短針中パラレル。少し怪談要素を含みます。

「髪の毛はどれくらい入れるんだ?」
 ぎょっとした顔をしているアカバに気付かないのか、シライは「なんで入れるんだろうな、神頼みと髪をかけてんのかな」と能天気そうに言った。
 剣道大会の予選を終え、本戦に向けて練習に励もうというときだった。気を張り詰めたままだと却ってケガをするとシライに誘われ、四人連れ立ってゲームセンターに遊びに行ったのだ。ちなみに、団体戦に出るには人数が足りないからエントリーは個人戦だけで、本戦に進んだのはシライとアカバの二人だけだ。
 レーシングゲームにクレーンゲーム、ちょっとレトロにピンボール。騒ぎ立てるアカバを宥めながらプリクラを撮って、そろそろ帰るか、とはしゃぐ後輩たちに号令を掛けたのは当然、部長のシライだ。いくら残念に思っても、シライに「おれだっておまえらともっといてぇよ。でも制服だし承服してくれ」と言われては引き下がるしかない。

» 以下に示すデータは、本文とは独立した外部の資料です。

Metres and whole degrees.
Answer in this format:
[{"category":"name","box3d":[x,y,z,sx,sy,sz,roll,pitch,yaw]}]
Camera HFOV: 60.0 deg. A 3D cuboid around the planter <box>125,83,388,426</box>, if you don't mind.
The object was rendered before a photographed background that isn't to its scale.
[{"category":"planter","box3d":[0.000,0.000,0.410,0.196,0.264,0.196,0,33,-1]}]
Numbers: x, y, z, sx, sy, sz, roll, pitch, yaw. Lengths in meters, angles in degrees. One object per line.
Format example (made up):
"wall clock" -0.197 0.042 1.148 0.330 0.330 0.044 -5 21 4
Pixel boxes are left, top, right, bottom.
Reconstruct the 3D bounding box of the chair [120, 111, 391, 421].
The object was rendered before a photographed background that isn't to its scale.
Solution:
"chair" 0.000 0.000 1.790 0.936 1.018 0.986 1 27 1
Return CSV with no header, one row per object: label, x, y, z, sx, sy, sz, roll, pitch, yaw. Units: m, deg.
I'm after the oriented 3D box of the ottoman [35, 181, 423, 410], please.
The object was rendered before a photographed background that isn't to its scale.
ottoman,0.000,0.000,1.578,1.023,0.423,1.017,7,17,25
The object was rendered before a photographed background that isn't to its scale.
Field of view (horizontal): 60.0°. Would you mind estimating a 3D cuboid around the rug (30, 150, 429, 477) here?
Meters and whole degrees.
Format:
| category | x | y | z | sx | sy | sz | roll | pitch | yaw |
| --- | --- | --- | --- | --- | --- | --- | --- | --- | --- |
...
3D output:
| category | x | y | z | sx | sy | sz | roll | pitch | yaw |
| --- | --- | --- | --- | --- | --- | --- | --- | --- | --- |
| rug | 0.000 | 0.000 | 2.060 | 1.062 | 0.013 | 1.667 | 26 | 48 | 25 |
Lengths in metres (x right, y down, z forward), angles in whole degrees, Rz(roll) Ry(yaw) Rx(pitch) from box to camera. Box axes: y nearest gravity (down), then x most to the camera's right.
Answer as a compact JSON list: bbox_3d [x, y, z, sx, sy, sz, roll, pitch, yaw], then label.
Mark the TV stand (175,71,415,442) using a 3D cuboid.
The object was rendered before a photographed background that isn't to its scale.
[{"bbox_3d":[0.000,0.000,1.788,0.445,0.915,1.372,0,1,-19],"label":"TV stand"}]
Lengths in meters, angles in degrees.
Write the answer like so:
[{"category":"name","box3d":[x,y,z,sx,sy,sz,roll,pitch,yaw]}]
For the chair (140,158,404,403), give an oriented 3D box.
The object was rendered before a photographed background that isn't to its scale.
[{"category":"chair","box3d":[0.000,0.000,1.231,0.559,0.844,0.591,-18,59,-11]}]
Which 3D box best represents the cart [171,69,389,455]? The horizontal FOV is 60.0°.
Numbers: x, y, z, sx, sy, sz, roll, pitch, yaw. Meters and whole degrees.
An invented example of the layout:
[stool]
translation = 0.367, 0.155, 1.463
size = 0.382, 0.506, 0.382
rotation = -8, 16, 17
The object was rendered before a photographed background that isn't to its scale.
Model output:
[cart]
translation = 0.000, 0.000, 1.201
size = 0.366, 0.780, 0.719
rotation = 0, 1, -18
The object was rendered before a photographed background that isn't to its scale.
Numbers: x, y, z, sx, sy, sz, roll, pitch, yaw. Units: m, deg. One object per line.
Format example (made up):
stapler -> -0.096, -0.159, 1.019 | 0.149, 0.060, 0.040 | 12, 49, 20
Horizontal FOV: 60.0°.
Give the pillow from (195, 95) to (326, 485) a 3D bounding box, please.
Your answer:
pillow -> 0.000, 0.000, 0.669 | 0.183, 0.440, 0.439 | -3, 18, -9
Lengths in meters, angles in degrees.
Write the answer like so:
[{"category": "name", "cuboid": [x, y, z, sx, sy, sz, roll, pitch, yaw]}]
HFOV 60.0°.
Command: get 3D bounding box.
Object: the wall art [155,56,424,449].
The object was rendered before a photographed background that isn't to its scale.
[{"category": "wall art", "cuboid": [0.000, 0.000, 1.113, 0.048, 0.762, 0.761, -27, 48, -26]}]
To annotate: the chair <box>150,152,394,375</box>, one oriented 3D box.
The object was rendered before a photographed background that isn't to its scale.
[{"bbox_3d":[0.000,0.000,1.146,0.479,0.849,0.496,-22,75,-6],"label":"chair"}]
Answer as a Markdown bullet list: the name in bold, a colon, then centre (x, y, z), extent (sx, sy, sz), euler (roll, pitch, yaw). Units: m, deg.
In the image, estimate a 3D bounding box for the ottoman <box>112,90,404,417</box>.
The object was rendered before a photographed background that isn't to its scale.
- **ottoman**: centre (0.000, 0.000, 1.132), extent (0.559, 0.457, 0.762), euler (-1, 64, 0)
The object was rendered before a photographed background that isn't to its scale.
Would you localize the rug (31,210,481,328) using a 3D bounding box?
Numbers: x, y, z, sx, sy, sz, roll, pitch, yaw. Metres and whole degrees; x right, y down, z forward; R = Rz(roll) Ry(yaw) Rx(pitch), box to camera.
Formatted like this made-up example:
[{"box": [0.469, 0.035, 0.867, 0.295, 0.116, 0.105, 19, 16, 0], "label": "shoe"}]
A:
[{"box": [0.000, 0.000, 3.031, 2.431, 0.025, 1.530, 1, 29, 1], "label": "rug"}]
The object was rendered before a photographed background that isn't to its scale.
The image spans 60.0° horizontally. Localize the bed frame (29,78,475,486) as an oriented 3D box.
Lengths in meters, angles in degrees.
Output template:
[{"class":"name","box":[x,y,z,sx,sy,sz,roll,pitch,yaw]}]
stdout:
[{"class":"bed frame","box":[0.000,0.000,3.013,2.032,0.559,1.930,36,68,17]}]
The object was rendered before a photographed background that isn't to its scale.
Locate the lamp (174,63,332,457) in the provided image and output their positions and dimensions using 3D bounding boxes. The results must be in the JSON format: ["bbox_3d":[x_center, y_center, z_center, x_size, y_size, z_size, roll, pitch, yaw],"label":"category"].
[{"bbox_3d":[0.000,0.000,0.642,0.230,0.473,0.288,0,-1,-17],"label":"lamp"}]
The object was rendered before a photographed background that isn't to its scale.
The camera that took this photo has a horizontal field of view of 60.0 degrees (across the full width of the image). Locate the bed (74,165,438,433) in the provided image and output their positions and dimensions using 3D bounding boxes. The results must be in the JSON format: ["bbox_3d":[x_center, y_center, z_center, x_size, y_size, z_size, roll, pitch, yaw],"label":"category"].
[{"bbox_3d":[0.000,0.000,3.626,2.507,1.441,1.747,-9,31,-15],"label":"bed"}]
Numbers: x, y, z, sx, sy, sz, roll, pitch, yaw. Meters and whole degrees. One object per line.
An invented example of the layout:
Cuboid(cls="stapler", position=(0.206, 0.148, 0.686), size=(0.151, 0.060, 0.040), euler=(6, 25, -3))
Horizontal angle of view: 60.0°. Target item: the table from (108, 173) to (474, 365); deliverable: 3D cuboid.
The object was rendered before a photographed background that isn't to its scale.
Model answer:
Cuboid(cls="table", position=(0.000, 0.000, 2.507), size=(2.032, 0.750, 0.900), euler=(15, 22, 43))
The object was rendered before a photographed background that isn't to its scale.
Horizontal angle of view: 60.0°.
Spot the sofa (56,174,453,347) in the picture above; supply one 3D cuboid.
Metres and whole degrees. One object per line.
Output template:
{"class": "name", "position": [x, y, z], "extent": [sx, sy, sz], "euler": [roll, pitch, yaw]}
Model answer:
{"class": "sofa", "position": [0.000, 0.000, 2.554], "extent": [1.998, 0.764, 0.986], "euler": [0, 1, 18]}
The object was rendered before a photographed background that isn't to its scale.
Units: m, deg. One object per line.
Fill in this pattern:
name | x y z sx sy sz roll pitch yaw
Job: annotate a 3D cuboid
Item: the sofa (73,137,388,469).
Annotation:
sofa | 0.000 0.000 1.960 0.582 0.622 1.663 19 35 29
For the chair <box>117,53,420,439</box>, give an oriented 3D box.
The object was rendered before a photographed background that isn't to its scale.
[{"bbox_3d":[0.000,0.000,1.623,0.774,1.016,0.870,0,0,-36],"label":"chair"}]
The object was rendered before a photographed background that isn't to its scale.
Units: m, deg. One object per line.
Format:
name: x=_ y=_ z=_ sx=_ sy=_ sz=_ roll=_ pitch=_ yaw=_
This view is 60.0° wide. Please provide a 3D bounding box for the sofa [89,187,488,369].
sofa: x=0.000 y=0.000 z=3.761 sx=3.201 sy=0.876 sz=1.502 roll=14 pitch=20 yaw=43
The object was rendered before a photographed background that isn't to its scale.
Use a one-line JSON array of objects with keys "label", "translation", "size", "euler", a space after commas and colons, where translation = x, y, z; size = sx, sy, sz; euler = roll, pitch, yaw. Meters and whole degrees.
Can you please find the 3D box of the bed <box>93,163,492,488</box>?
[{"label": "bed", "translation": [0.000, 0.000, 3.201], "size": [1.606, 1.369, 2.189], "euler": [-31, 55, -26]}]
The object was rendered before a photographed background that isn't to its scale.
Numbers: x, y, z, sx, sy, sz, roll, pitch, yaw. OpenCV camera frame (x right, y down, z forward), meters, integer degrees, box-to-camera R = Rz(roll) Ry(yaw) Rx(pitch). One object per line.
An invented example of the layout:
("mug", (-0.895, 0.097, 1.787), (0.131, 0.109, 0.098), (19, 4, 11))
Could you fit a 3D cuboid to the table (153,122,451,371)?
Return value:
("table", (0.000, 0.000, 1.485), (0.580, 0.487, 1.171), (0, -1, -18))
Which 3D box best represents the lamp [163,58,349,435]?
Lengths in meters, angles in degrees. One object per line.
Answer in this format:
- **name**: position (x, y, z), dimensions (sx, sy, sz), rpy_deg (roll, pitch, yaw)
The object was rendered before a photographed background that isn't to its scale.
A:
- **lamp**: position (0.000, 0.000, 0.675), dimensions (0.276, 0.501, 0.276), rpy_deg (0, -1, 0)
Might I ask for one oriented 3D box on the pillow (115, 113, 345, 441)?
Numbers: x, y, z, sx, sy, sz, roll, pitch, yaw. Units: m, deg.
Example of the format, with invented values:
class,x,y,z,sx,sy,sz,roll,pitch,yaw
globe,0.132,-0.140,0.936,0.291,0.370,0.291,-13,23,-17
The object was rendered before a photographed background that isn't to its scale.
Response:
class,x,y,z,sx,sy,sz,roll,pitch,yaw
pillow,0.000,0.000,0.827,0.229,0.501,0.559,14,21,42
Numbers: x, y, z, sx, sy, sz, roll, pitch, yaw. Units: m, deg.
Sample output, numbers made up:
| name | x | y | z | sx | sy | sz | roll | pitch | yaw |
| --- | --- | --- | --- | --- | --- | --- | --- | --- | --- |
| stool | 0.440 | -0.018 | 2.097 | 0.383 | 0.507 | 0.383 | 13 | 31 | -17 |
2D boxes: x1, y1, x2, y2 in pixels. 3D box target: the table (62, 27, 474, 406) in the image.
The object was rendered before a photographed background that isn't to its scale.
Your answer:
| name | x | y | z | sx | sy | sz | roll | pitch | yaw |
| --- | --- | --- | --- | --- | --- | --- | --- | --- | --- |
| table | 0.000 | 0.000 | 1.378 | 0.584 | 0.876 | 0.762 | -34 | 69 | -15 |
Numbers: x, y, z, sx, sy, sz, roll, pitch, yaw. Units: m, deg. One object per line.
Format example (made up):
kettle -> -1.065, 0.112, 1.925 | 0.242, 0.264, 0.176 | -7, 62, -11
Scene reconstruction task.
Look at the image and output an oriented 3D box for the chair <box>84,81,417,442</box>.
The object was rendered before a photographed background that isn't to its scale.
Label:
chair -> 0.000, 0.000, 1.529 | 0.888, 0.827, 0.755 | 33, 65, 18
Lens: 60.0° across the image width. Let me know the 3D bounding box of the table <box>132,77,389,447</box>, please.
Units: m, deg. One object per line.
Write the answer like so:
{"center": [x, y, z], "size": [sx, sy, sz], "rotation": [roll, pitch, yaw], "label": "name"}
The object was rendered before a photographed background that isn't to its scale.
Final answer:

 入れ違いにゲームセンターの店内に入っていく高校生の鞄についていたフェルト製のぬいぐるみに目を留めたのはレモンで、キットが売ってるらしいぞ、と妹のトキネに教わった情報の受け売りをしたのはクロノだった。これが最後な、と言いながら手芸用品店に行くまでは居残り組のクロノとレモンで作るという話だったのに、シライが自分も作りたいと言ったから、シライがやるならやると言い出したアカバも含め、四人で一個ずつ作ることになった。クロノにアカバ、レモンは、シライが「クロノとレモンは来年の試合の勝ち抜き祈願だ」と言うのに対して気が早いと思ったが、シライが今年卒業してしまうことを分かっているために、口には出さなかった。
「髪の毛は入れんのじゃないじゃろうか……」
 そう言いながらアカバが手芸用品店で買った部活動向けのお守りキットの袋に目をやるから、ついにアカバも手順書を読むのか、とクロノは固唾を呑んで見守った。だが、残念ながらレモンが先に「材料表には書かれていない」と言ってしまった。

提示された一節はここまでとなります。